*TASK BRIEF:* When you reach the line with "det: The railway" in the records below, begin transcribing exactly and continue up to and including the line with "upper-left corner in", leaving out every picture.

*Stored dataset items:*
►

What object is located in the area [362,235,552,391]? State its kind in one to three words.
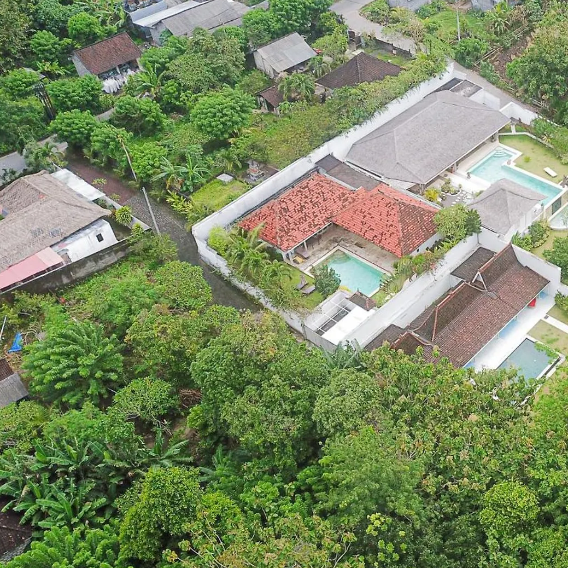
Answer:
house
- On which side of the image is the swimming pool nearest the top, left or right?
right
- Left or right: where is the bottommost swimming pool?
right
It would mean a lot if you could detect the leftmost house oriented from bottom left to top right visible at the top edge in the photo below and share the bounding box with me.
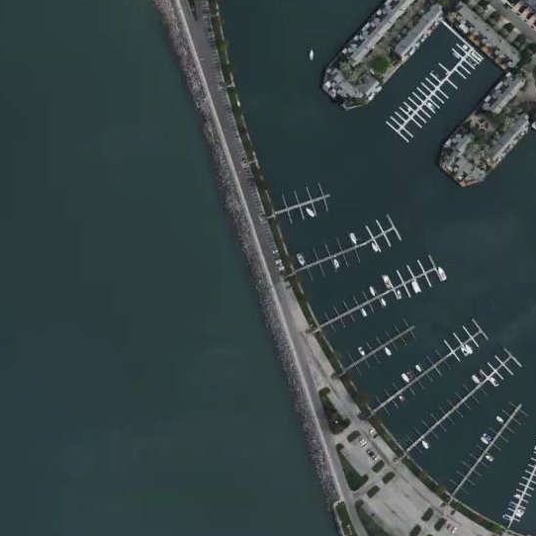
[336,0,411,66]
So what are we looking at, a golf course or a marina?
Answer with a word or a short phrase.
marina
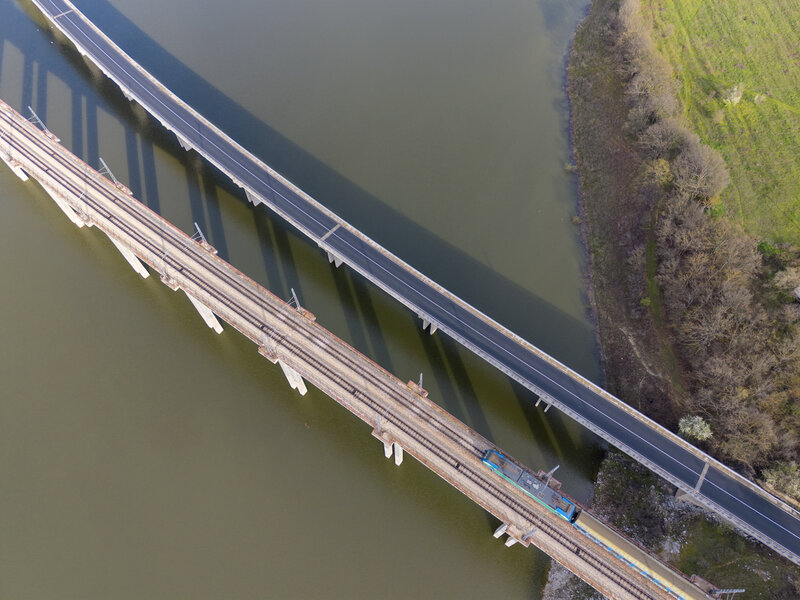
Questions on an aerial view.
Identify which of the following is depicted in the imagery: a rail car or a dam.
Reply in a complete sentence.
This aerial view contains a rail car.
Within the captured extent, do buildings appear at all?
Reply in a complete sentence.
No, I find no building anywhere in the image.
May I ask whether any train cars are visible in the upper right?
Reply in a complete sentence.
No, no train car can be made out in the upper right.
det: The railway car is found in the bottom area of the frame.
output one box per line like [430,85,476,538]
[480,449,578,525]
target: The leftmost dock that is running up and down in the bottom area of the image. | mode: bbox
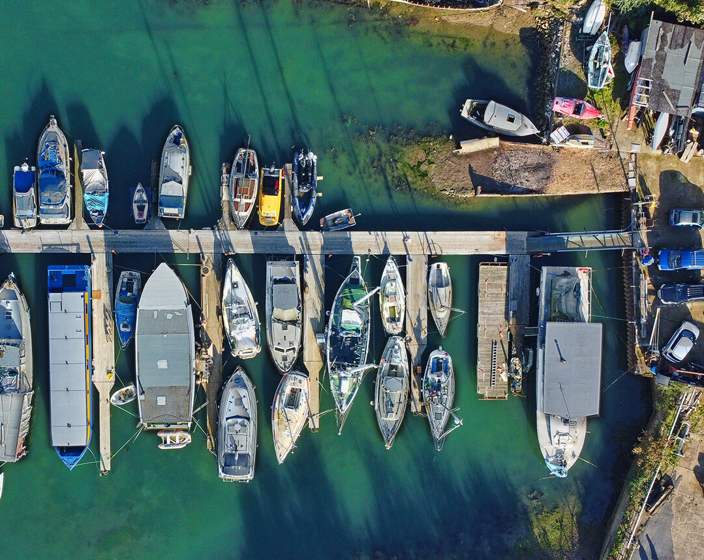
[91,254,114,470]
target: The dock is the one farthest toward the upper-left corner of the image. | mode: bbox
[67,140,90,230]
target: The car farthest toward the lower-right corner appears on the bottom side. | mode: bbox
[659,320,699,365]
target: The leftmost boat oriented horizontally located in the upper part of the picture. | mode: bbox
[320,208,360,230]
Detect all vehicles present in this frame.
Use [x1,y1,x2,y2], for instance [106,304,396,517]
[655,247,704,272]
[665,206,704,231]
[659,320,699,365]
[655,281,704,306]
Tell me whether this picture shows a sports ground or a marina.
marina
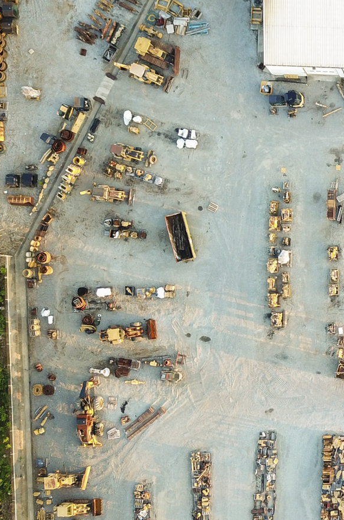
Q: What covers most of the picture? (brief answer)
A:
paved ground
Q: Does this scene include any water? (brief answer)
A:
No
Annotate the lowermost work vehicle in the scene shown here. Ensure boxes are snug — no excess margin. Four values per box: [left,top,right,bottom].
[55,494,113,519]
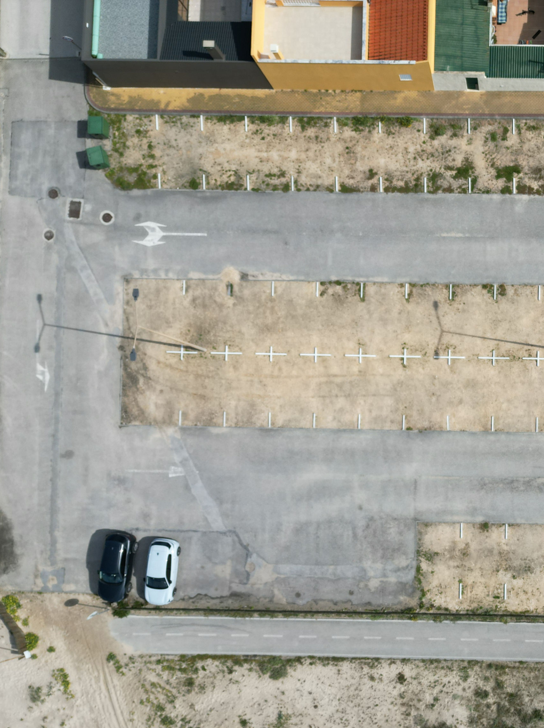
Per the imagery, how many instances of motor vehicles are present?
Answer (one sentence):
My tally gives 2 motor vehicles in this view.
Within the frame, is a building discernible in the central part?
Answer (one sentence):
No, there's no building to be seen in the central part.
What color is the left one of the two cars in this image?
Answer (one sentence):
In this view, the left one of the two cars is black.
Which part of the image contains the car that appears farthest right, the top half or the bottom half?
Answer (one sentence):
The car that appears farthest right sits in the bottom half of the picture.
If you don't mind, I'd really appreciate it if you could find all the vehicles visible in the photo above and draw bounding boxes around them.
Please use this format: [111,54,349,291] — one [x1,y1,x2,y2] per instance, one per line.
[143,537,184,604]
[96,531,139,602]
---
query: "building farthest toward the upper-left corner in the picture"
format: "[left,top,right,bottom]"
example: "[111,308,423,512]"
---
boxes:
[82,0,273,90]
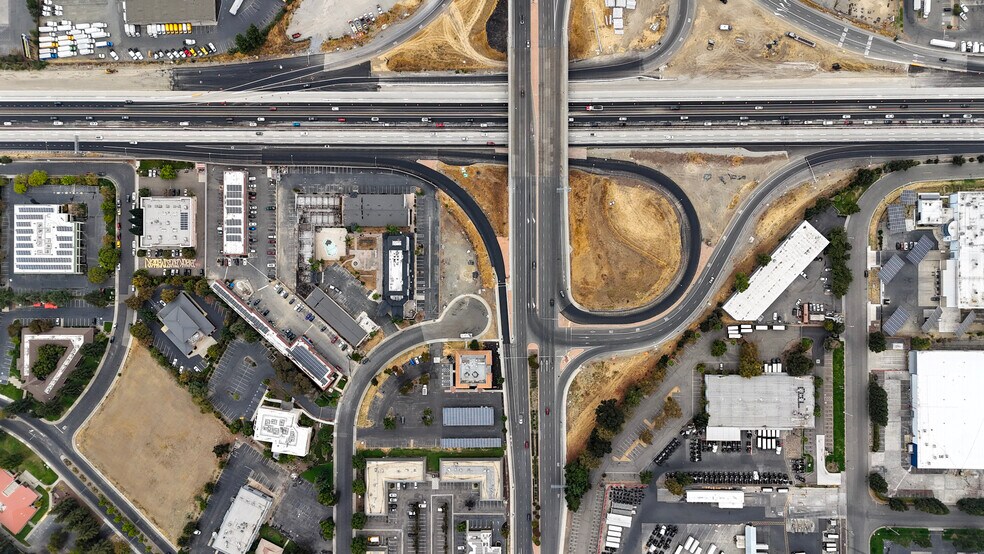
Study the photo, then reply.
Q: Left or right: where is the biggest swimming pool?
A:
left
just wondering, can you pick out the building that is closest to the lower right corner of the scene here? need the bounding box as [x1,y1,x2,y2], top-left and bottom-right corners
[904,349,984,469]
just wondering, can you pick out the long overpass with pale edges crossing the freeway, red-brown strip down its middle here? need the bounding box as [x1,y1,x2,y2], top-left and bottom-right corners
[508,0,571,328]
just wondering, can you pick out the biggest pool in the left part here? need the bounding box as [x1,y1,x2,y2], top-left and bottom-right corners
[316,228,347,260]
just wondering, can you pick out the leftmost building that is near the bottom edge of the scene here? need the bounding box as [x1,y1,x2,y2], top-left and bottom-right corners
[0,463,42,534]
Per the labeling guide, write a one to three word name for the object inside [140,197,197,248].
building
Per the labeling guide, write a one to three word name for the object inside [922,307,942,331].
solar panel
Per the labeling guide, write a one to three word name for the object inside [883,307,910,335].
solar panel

◄
►

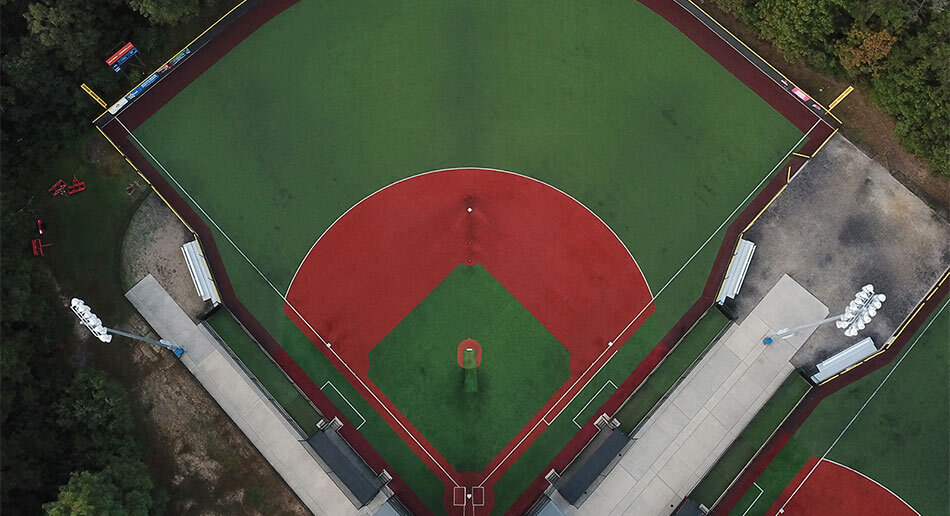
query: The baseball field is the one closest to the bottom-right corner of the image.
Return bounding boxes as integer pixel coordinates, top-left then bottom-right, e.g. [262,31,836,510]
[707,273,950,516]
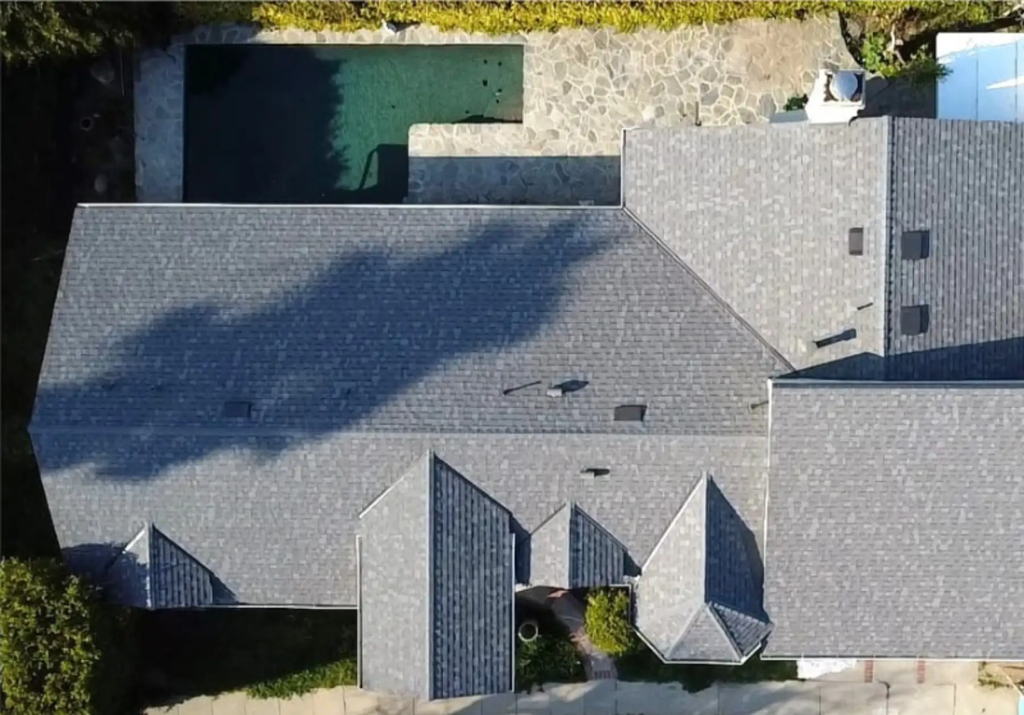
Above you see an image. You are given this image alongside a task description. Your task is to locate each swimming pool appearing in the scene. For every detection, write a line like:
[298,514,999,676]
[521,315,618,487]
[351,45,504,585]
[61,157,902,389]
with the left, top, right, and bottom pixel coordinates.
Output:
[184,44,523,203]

◄

*TASK RESPONSE:*
det: The railway car is found in the bottom area of the frame.
output one box per line like [430,85,476,538]
[480,449,578,525]
target: The leftmost dock that is running up and down in the bottom area of the image. | mode: bbox
[91,254,114,470]
target: The dock is the one farthest toward the upper-left corner of the image. | mode: bbox
[67,140,90,230]
target: The car farthest toward the lower-right corner appears on the bottom side. | mode: bbox
[659,320,699,365]
target: The leftmost boat oriented horizontally located in the upper part of the picture. | mode: bbox
[320,208,360,230]
Detect all vehicles present in this frame.
Use [x1,y1,x2,y2], for instance [106,304,396,517]
[655,247,704,272]
[665,206,704,231]
[659,320,699,365]
[655,281,704,306]
Tell me whether this picture shows a sports ground or a marina.
marina
Q: What covers most of the picture? (brief answer)
A:
paved ground
Q: Does this scene include any water? (brief answer)
A:
No
Annotate the lowermost work vehicle in the scene shown here. Ensure boxes are snug — no excess margin. Four values per box: [left,top,right,bottom].
[55,494,113,519]
Per the imagery, how many instances of motor vehicles are present?
Answer (one sentence):
My tally gives 2 motor vehicles in this view.
Within the frame, is a building discernible in the central part?
Answer (one sentence):
No, there's no building to be seen in the central part.
What color is the left one of the two cars in this image?
Answer (one sentence):
In this view, the left one of the two cars is black.
Which part of the image contains the car that appears farthest right, the top half or the bottom half?
Answer (one sentence):
The car that appears farthest right sits in the bottom half of the picture.
If you don't mind, I'd really appreciate it if you could find all the vehicles visible in the photo above and draw bounding boxes around them.
Please use this format: [111,54,349,291] — one [x1,y1,x2,y2] per instance, one per line.
[143,537,184,604]
[96,531,139,602]
---
query: "building farthest toward the upper-left corner in the picture"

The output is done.